Or: Hindsight is 20/20. And less grumpy.
5:00 a.m. G leaves for the airport for a business trip. Bye, babe.
5:22 a.m. I am the early seminary driver. I have had less than three hours of sleep due to very fun visitors. I don't do early mornings very well. Drag myself up for the 5:35 departure time.
5:30 a.m. I remind daughter (who is eating breakfast) that we have to leave soon to pick up E. and drive the 20 minutes to the church. Forget to use "good morning, Mary Sunshine, voice"

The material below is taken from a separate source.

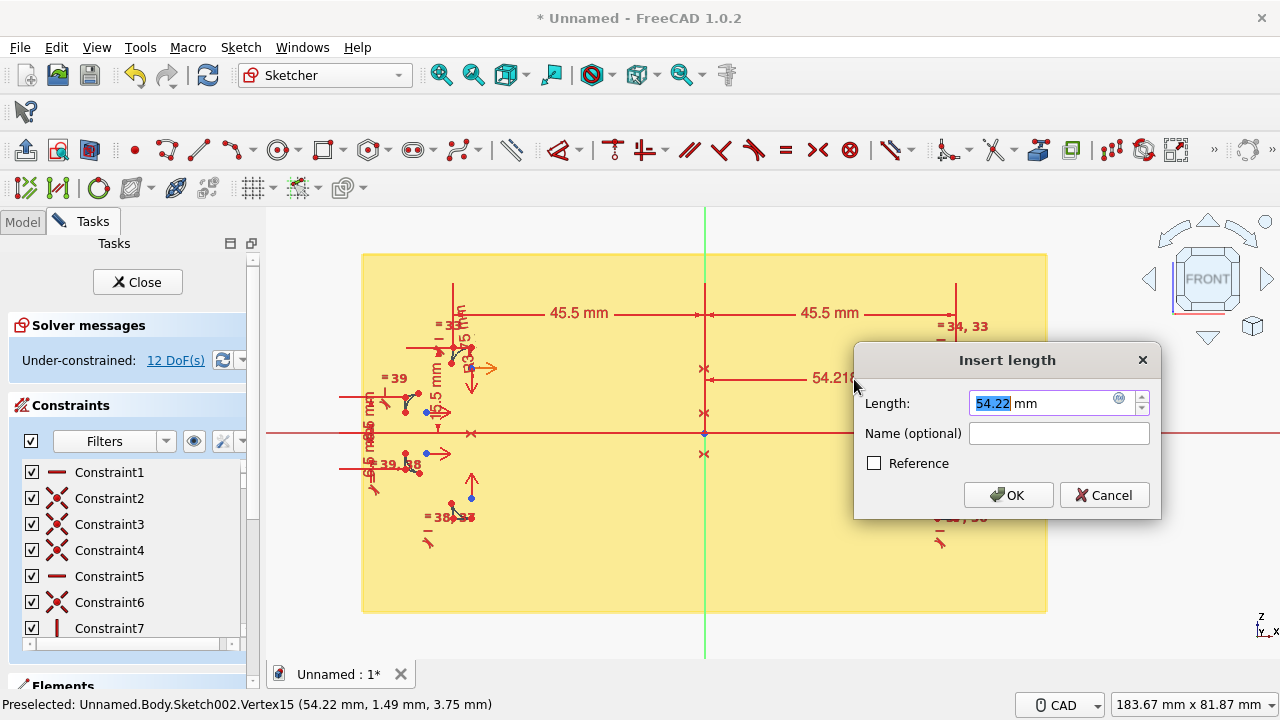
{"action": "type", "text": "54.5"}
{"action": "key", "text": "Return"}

5:35 a.m. I wait in the car, watching through the windows while the daughter dashes upstairs to find something, then down, then to the kitchen, then back to the upstairs. My pet peevery feelings activate, with the assistance of early morning grumpiness.
5:41 a.m. Daughter comes out, juggling folders, toast, glass of water, cell phone. No backpack. Daughter dashes back in to find backpack.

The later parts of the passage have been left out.